RLC circuit inductor/capacitor combined voltage?

[ike2010]

RLC circuit inductor/capacitor combined voltage??

I have an RLC circuit. I understand that the combined sum of the voltage magnitudes across the three components will be greater than the signal generator. I don't understand, however, why the combined voltage across the inductor and the capacitor will always be greater than zero? Isn't the voltage sign of these two components opposite? And if so, as one is increasing and the other is decreasing, wouldn't there be a moment when the sum equaled zero? Thanks for any input on this. It's driving me crazy.

p.s. for clarity, I'm wondering why the sum of the voltage across the inductor and capacitor is always greater than zero?

 

[chroot]

I think you're going to have to give us a little more information before we're going to be able to make sense of your question. What kind of RLC circuit is this? Series? Parallel? What kind of signal is driving it? How is the signal source connected to the circuit?

- Warren

 

[ike2010]

more info...

My bad. It's an RLC circuit in series. The signal generator is 6V. The circuit is set up like this sg ---> capacitor ---> resistor ---> inductor ---> sg

The only thing I can come up with is that maybe the sum will always be greater than zero because this isn't a perfect circuit and there is resistance in the wire and the inductor?

 

[chroot]

Originally posted by ike2010
The signal generator is 6V.

You mean it's just a constant 6V? DC?

- Warren

 

[ike2010]

6V AC

6V AC

 

[gnome]

originally posted by ike2010
I understand that the combined sum of the voltage magnitudes across the three components will be greater than the signal generator.

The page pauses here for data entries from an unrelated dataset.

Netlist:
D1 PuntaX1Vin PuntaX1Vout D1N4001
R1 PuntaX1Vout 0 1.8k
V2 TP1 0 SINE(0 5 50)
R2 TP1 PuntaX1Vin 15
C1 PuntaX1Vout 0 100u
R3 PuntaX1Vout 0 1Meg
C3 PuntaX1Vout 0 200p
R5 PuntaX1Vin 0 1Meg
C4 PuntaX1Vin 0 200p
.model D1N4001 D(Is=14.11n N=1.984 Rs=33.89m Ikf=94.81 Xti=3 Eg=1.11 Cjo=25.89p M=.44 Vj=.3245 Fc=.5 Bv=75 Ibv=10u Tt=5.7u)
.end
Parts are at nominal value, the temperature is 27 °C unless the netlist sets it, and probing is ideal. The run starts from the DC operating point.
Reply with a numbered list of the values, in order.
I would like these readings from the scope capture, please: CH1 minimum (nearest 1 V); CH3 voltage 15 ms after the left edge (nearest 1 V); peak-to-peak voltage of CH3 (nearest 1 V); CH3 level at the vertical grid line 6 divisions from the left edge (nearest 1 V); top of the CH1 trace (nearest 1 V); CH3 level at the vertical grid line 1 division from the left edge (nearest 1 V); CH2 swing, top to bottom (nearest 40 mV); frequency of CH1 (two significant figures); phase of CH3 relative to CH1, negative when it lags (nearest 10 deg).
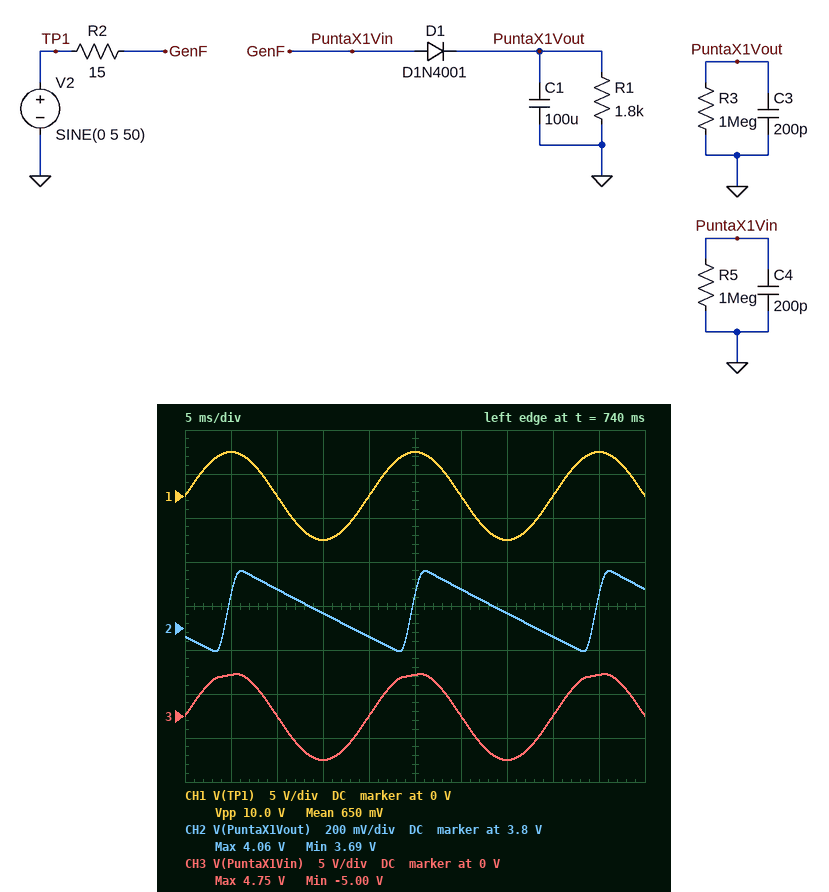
1. -5 V
2. -5 V
3. 10 V
4. 0 V
5. 5 V
6. 5 V
7. 360 mV
8. 50 Hz
9. 0 deg
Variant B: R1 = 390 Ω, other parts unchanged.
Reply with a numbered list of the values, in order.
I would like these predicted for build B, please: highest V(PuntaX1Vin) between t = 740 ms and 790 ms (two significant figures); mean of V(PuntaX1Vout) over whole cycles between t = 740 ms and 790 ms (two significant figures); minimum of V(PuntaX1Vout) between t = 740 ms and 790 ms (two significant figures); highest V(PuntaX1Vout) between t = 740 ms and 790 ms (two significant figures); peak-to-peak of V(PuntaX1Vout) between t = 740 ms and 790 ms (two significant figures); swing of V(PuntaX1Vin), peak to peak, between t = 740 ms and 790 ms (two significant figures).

1. 4.5 V
2. 3.1 V
3. 2.5 V
4. 3.8 V
5. 1.3 V
6. 9.5 V
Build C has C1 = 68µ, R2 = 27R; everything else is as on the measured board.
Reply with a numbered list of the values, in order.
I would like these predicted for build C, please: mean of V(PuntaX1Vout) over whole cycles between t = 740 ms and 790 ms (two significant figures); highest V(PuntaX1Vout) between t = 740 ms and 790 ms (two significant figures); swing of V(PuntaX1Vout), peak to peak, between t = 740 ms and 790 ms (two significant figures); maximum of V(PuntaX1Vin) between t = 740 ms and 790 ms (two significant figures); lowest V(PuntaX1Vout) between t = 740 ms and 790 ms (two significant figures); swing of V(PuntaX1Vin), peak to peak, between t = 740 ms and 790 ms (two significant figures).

1. 3.7 V
2. 4.0 V
3. 500 mV
4. 4.6 V
5. 3.5 V
6. 9.6 V
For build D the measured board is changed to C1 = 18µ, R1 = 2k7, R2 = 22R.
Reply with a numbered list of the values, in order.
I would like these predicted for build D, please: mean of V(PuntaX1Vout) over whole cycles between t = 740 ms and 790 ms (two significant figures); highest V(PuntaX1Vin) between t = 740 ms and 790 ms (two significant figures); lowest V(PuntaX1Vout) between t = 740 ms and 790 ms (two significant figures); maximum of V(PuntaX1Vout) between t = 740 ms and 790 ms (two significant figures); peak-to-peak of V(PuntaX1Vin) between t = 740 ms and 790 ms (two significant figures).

1. 3.6 V
2. 4.9 V
3. 3.0 V
4. 4.3 V
5. 9.9 V

Someone please correct me if I'm mistaken, but I think that statement is wrong. The sum of the maxima of the three voltages will be greater than the signal generator, but I believe that at any given moment, the sum of the time-values of voltage across the resistor, capacitor and inductor must be equal to that of the signal generator.

originally posted by ike2010
I don't understand, however, why the combined voltage across the inductor and the capacitor will always be greater than zero

This too, I think is wrong. The voltage across the inductor leads the generator by 90^o and the voltage across the capacitor lags by 90^o, so they are exactly 180^o out of phase with each other and therefore when the voltage across one is zero, the voltage across the other will always be zero. (At that moment, however, the voltage across the resistor will be equal to that of the generator, which will not be zero.)

 

[MaxMoon]

g

The inductor does have some resistance value. Ideally, there is no resistance associated with the inductor, but in reality there is. You can find this value by getting out an ohm-meter.

 

[bluewish]

why does the sum of the voltage drops in RLC series circuit not equal to the source voltage?

 

[SammyS]

I have an RLC circuit. I understand that the combined sum of the voltage magnitudes across the three components will be greater than the signal generator. I don't understand, however, why the combined voltage across the inductor and the capacitor will always be greater than zero? Isn't the voltage sign of these two components opposite? And if so, as one is increasing and the other is decreasing, wouldn't there be a moment when the sum equaled zero? Thanks for any input on this. It's driving me crazy.

p.s. for clarity, I'm wondering why the sum of the voltage across the inductor and capacitor is always greater than zero?

My bad. It's an RLC circuit in series. The signal generator is 6V. The circuit is set up like this sg ---> capacitor ---> resistor ---> inductor ---> sg

The only thing I can come up with is that maybe the sum will always be greater than zero because this isn't a perfect circuit and there is resistance in the wire and the inductor?

6V AC

I believe the question is referring to the RMS voltage - that is the voltage that is read by an AC voltmeter.

This is a series circuit, so the instantaneous current is the same throughout the circuit. The instantaneous voltage across an inductor (an ideal inductor) leads the current by 90°. The instantaneous voltage across a capacitor lags behind the current by 90°. The instantaneous voltage across these two, is always 180° out of phase with each other.

If the inductor and the capacitor have the same impedance, the sum of the instantaneous voltage across them is indeed zero. However, for that same case, the sum of the RMS voltages across each will not be zero.

The quick answer to the question, "Why (is) the sum of the voltage across the inductor and capacitor is always greater than zero?" is:

The sum of the RMS voltages across the individual elements of an RLC series AC circuit is greater than zero, because the instantaneous voltages are out of phase with each other.